OneWallKitchen at 4:08PM on 06/13/08
I try my best to account for the shortage of female chefs with this portion of the entry under "Women" in The Devil's Food Dictionary:
Women tend to be underrepresented in the ranks of top-class restaurant chefs, probably because their innate nurturing tendencies render them incapable of some of the most routine chef’s tasks. Few are up to the challenge, for example, of intentionally reducing lower-ranking employees to tears, even in the most extreme cases of faulty garnish placement.
Barry Foy at 4:24PM on 06/13/08
Though there's increasingly more women in the kitchen, in NYC it's *not* a female-friendly environment. You really have to be a hard individual... one of the guys. Maybe even *better than* the guys.
As a line cook, I was encouraged to take up residence in the all-female pastry department with shocking frequency (pretty impressive, considering I suck at pastry and have little experience in that environment) and it took far longer for me to move up through the ranks than the guys. All the dudes I worked with said that kind of bias was stupid (actually, they used words more harsh than that, but I'll leave that to the imagination), but there's really nothing you can do about sexism. It's still part of the business.
That said, TV and catering hold a lot more potential for women chefs.
missginsu at 4:58PM on 06/13/08
where are they? at home, fired for getting pregnant, like me. it's not just NYC that has a female-intolerant environment. as much as i love food, cooking and the restaurant industry, it's the last bastion of sexism, racism and ageism.
dmarina at 6:45PM on 06/13/08
I live in Seattle, a much more woman-friendly city when it comes to the restaurant biz, and I still get lots of people assuming I'm in pastry. Even other women.
I got my current job partially because I'm a woman. The new chef at my restaurant is a woman, and she's trying to not be the only one in the kitchen. With me, there are three of us, in a kitchen that employs almost two dozen people.
Sarah, it's good that you're acknowledging women in the industry, but make no mistake, women are grossly underrepresented in restaurant kitchens, and a good part of what's responsible for that is pure, unadulterated sexism. Women who are not chefs doing TV shows for other people, frequently women, who are also not chefs, isn't going to help much. Trying to claim that anyone who points out the sexism in the industry is wrong isn't helping, either.
thepictsie at 4:29AM on 06/14/08
...women are grossly underrepresented in restaurant kitchens, and a good part of what's responsible for that is pure, unadulterated sexism....
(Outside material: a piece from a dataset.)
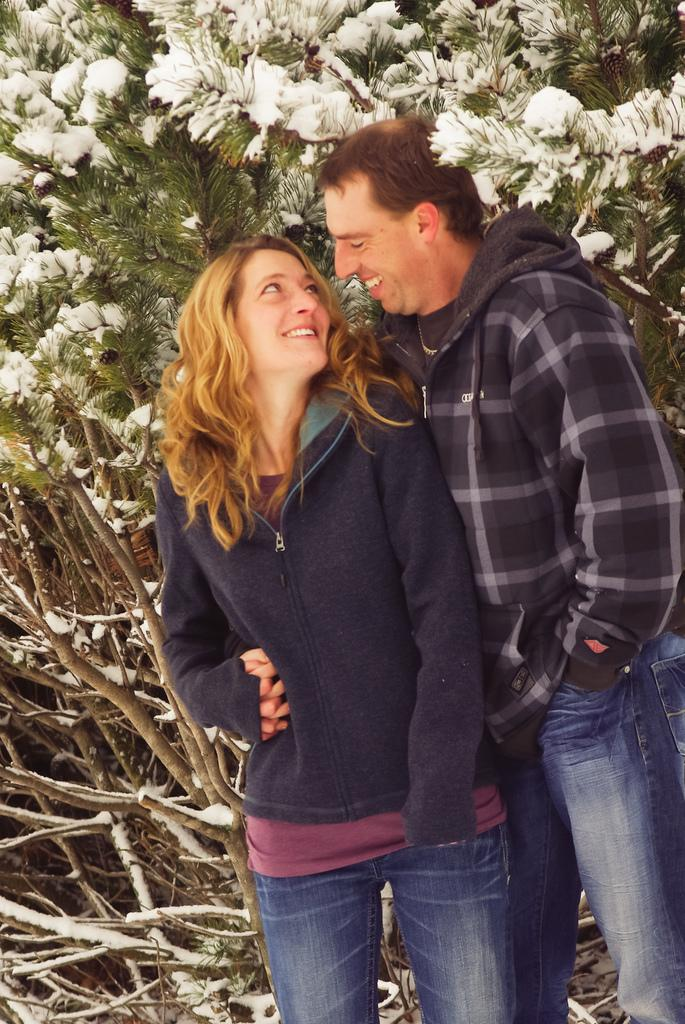How many people are present in the image? There are two people standing in the image. What is the facial expression of the people in the image? The people are smiling. What can be seen in the background of the image? There is snow on the trees in the background of the image. Where is the hall located in the image? There is no hall present in the image. Are the people pointing at each other in the image? The provided facts do not mention any pointing or gesturing between the two people.

If women who truly love cooking and the culinary arts didn't have to machete their way through the "old boys' club" that's the restaurant scene in most cities, there would definitely be more of us in professional kitchens.
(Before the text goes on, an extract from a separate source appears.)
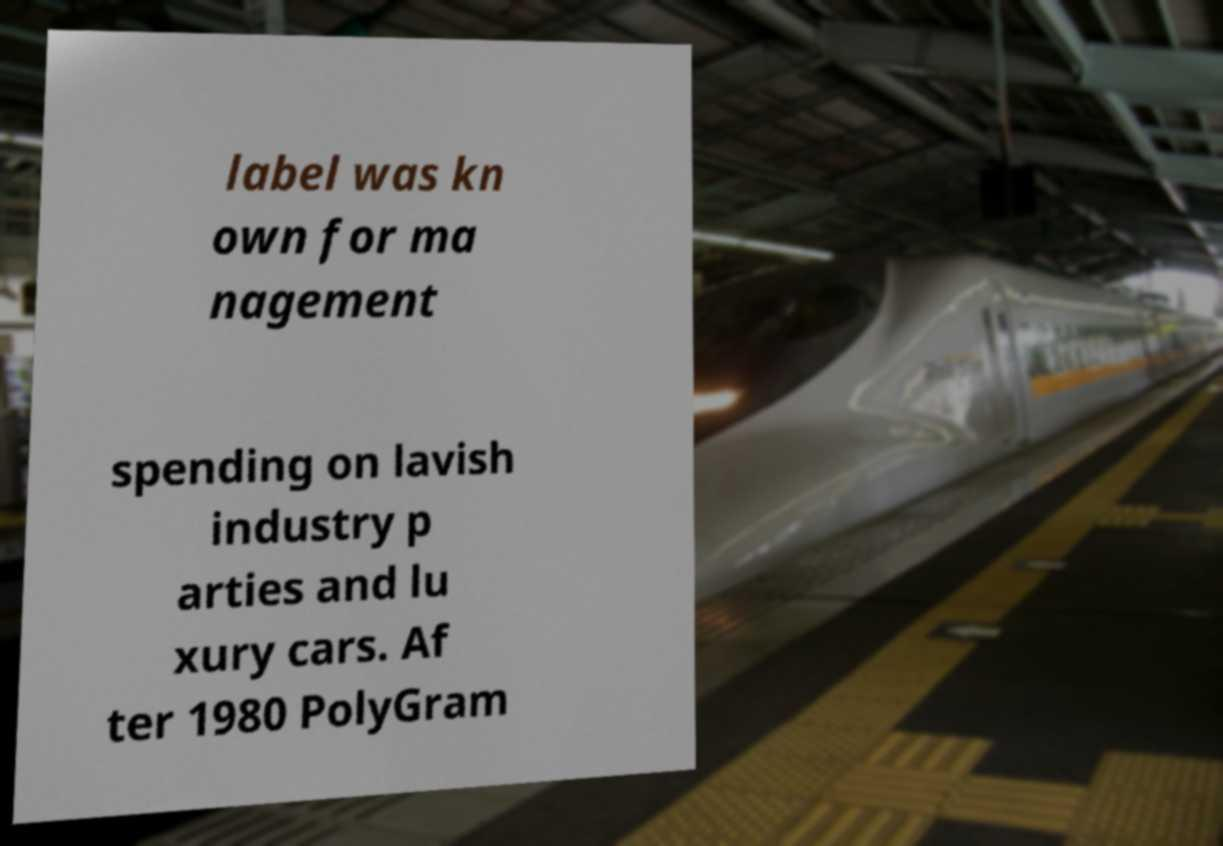For documentation purposes, I need the text within this image transcribed. Could you provide that? label was kn own for ma nagement spending on lavish industry p arties and lu xury cars. Af ter 1980 PolyGram

When a man embarks on a cooking career, he has to master cooking. When a woman embarks on a cooking career, she has to first overcome roadblocks of sexism before she ever gets to touch a knife. Why? It's a waste of time that could be spent doing what she loves - cooking, and/or running a restaurant.
Then, consider the flip side - when a man effectively runs a kitchen with an iron fist, he's "strong and in charge." When a woman runs a kitchen with an iron fist, she's a "bitch."
chiff0nade at 6:54AM on 06/14/08
Oh, and for many of us who want to cook professionally, TV and blogging and so forth are not at all appealing. It's not what we want. Why hell should we give up our ambitions and settle (and just because it isn't settling for you doesn't mean it wouldn't be settling for us), just because the industry doesn't like us as much as the boys?